Once on a historic house tour I got very interested in the bathrooming situation, as of course, there were no bathrooms in the old days. This tour guide was obliging.
Seems the reason for the ladies retiring to the parlor and the gents retiring to smoke in the study after dinner –was so they could pee! The ladies would take turns lifting their skirts and sitting on a privy chair. I guess there was a chamber pot in the study for the dudes, next to the spittoon. I’m still shocked.
While we’re on vintage underwear, I once found an odd garment from the 1920’s called a dress shield, it was just a cotton rectangle with stretchy girdle fabric leg loops on each side. Apparently the dreaded VPL (visible panty line) is not a new thing!
In the same pile, there were armpit shields to protect clothing from sweat stains and thick hip pads to give skinny hips the illusion of an hourglass figure, I think from the ’40’s.
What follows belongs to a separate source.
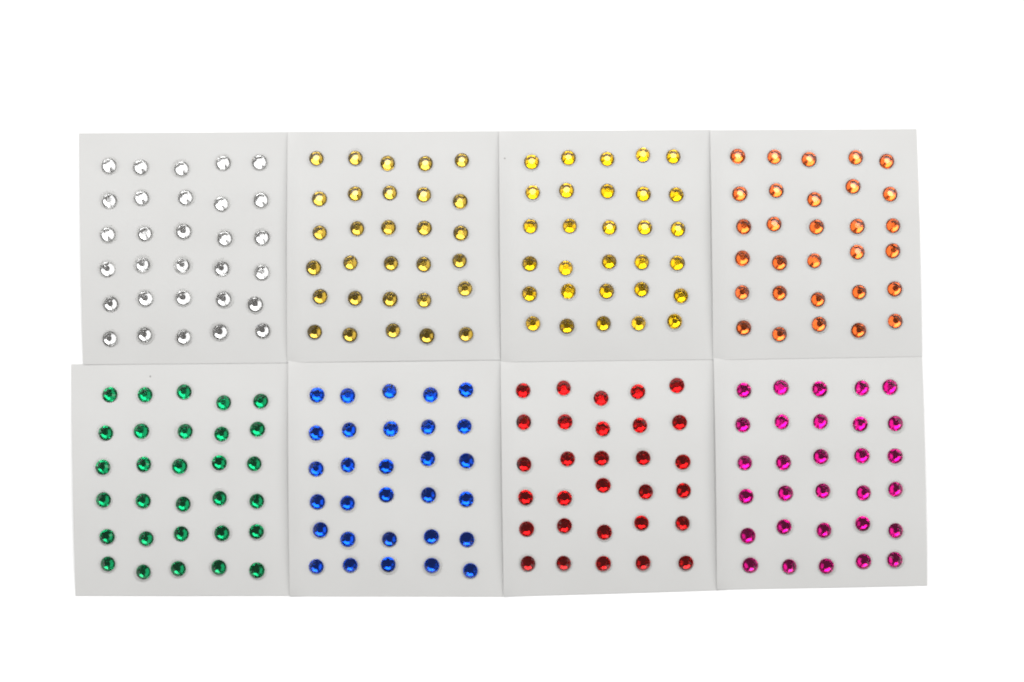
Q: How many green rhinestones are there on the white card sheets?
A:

I was a little startled when the lady noted that the fishtail bustle “folds up like a harmonca” as harmonicas aren’t noted for folding. Perhaps she meant a concertina, or an accordion. Well, they’re all free-reed arophones, so it all works out in the end.
Things are so, so much simpler today:
https://www.theguardian.com/music/2017/apr/09/yuja-wang-piano-interview-fiona-maddocks-royal-festival-hall
https://www.youtube.com/watch?v=nHO4Ucw9zL4
https://www.youtube.com/watch?v=pSpf9bKK_Zk
But if you’re looking for real entertainment, break out the popcorn!:
https://www.politico.com/story/2018/02/21/bernie-sanders-trump-russia-interference-420528
I wear period dress when I do an author event, and it is surprisingly comfortable, even to the corset. (Yes, have to wear a corset, to give the proper appearance to late Victorian and Edwardian outfits.) And yes – I get asked if I am hot in all that, and no, usually not. My Edwardian-era shirtwaists are all of light cotton, and the skirts in a lightweight wool mix.
I found some of those videos about a month ago. They are fascinating, aren’t they?